Executive President of the National Copper Corporation of Chile (Codelco)
- In office 1 May 1986 – 30 December 1988
- President: Augusto Pinochet
- Preceded by: Patricio Torres Rojas
- Succeeded by: Fernando Hormazábal

Ambassador of Chile to Switzerland
- In office January 1986 – March 1986
- President: Augusto Pinochet
- Preceded by: Jorge Berguño Barnes
- Succeeded by: Horacio Aránguiz Donoso

Minister of Economy, Development and Reconstruction
- In office 29 December 1980 – 22 April 1982
- President: Augusto Pinochet
- Preceded by: José Luis Federici
- Succeeded by: Luis Danús

Executive Vice President of the Production Development Corporation (CORFO)
- In office 1 August 1979 – 28 December 1980
- President: Augusto Pinochet
- Preceded by: Luis Danús
- Succeeded by: Renato Varela Correa

Personal details
- Party: Independent
- Alma mater: Libertador Bernardo O'Higgins Military Academy
- Profession: Military officer, Diplomat, Politician

Military service
- Branch/service: Chilean Army
- Rank: Brigadier general

= Rolando Ramos Muñoz =

Rolando Ramos Muñoz was a Chilean military officer, diplomat and political figure who served as a minister of state during the military regime of General Augusto Pinochet.

He attained the rank of brigadier general in the Chilean Army. Over the course of the Pinochet government, he held numerous executive and strategic positions in state-owned companies and ministries.

In 1977 he became general manager of the Production Development Corporation (CORFO), after earlier serving as director of the state-owned National Telecommunications Company (Entel) in 1978 and as vice president of the National Petroleum Company (ENAP) in 1979.

On 1 August 1979 he was appointed Executive Vice President of CORFO, succeeding General Luis Danús. He remained in office until 28 December 1980, when he was succeeded by Brigadier General Renato Varela Correa.

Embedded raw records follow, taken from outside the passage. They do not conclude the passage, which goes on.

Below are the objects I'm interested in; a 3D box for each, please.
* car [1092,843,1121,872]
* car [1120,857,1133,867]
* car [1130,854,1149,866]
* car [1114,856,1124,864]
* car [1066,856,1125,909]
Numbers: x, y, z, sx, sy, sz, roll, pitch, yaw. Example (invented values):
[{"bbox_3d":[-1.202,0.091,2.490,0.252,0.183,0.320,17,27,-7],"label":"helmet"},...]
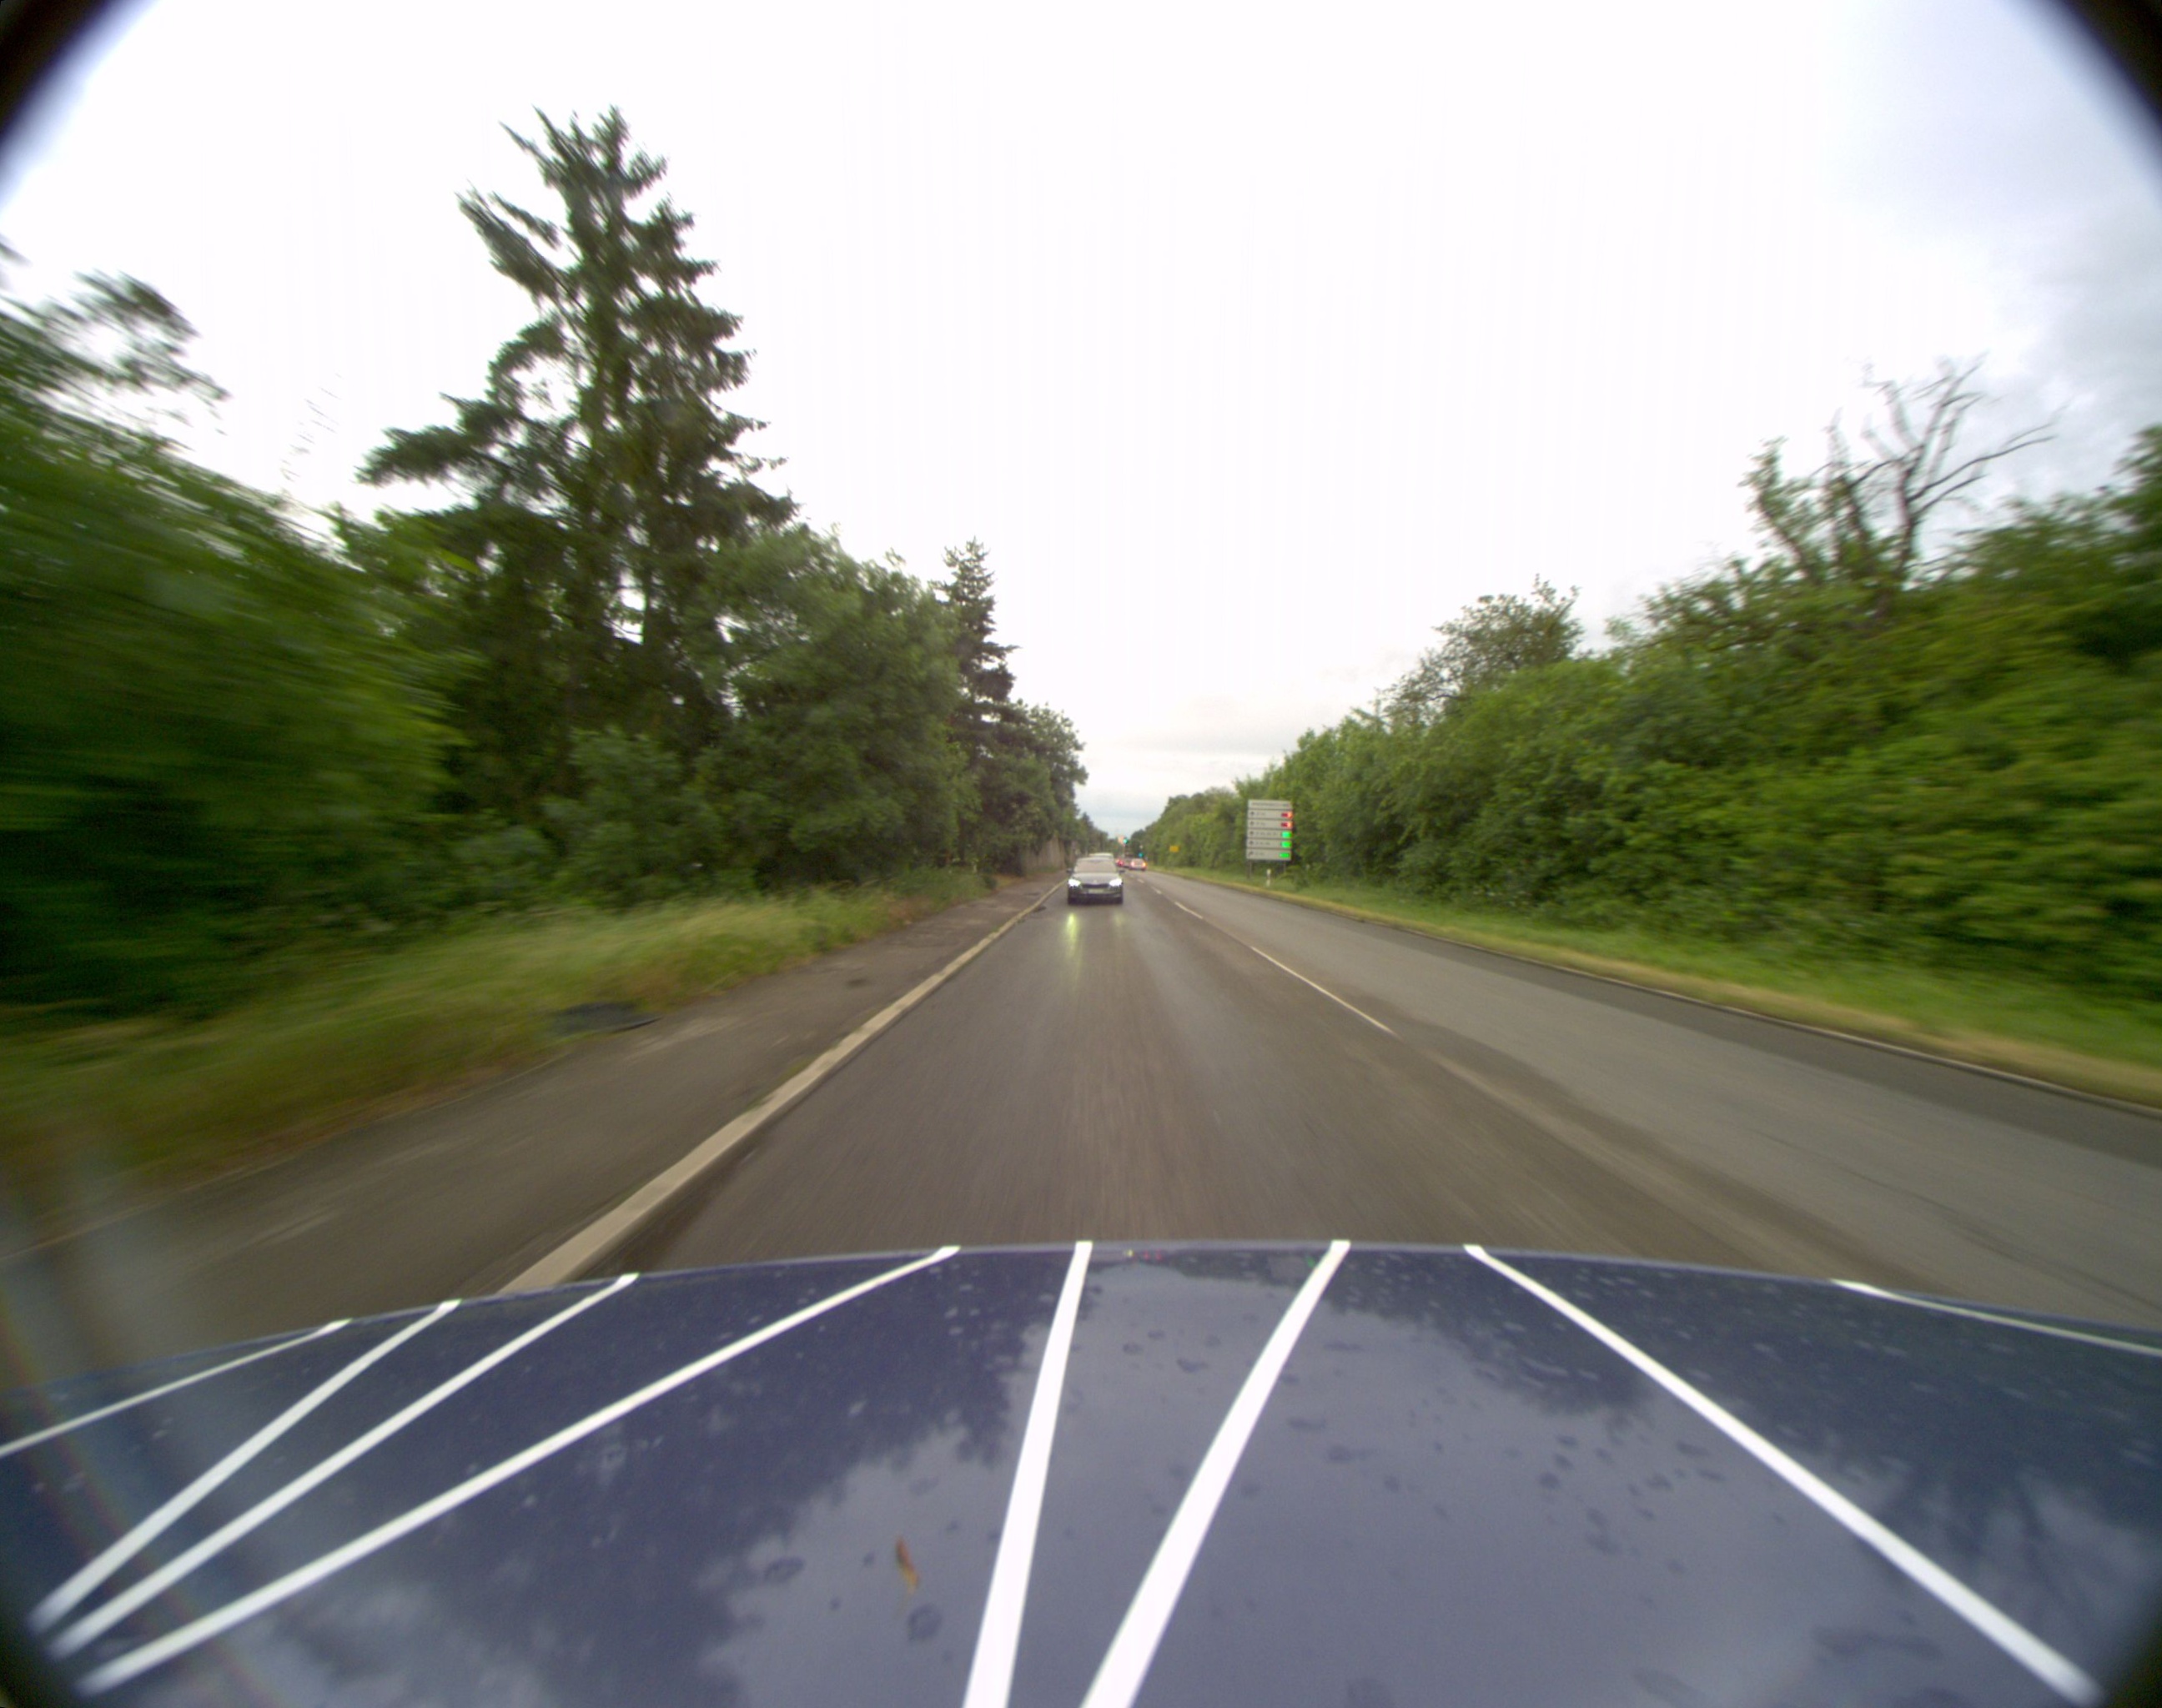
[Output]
[{"bbox_3d":[1.552,0.175,47.442,1.704,1.724,3.999,1,1,0],"label":"car"},{"bbox_3d":[6.822,1.165,113.570,1.830,1.411,4.320,2,0,2],"label":"car"},{"bbox_3d":[6.937,0.693,90.119,1.895,1.347,4.381,1,1,0],"label":"car"},{"bbox_3d":[7.927,1.263,159.689,1.737,1.584,4.281,3,0,0],"label":"car"},{"bbox_3d":[0.476,0.823,23.969,1.675,1.477,4.215,-1,0,1],"label":"car"}]

The following day he was appointed Minister of Economy, Development and Reconstruction, serving from 29 December 1980 until 22 April 1982.

In January 1986 he briefly served as Ambassador of Chile to Switzerland, a position he left two months later to return to Chile. On 1 May 1986 he was appointed Executive President of the state-owned copper company Codelco, remaining in office until 30 December 1988.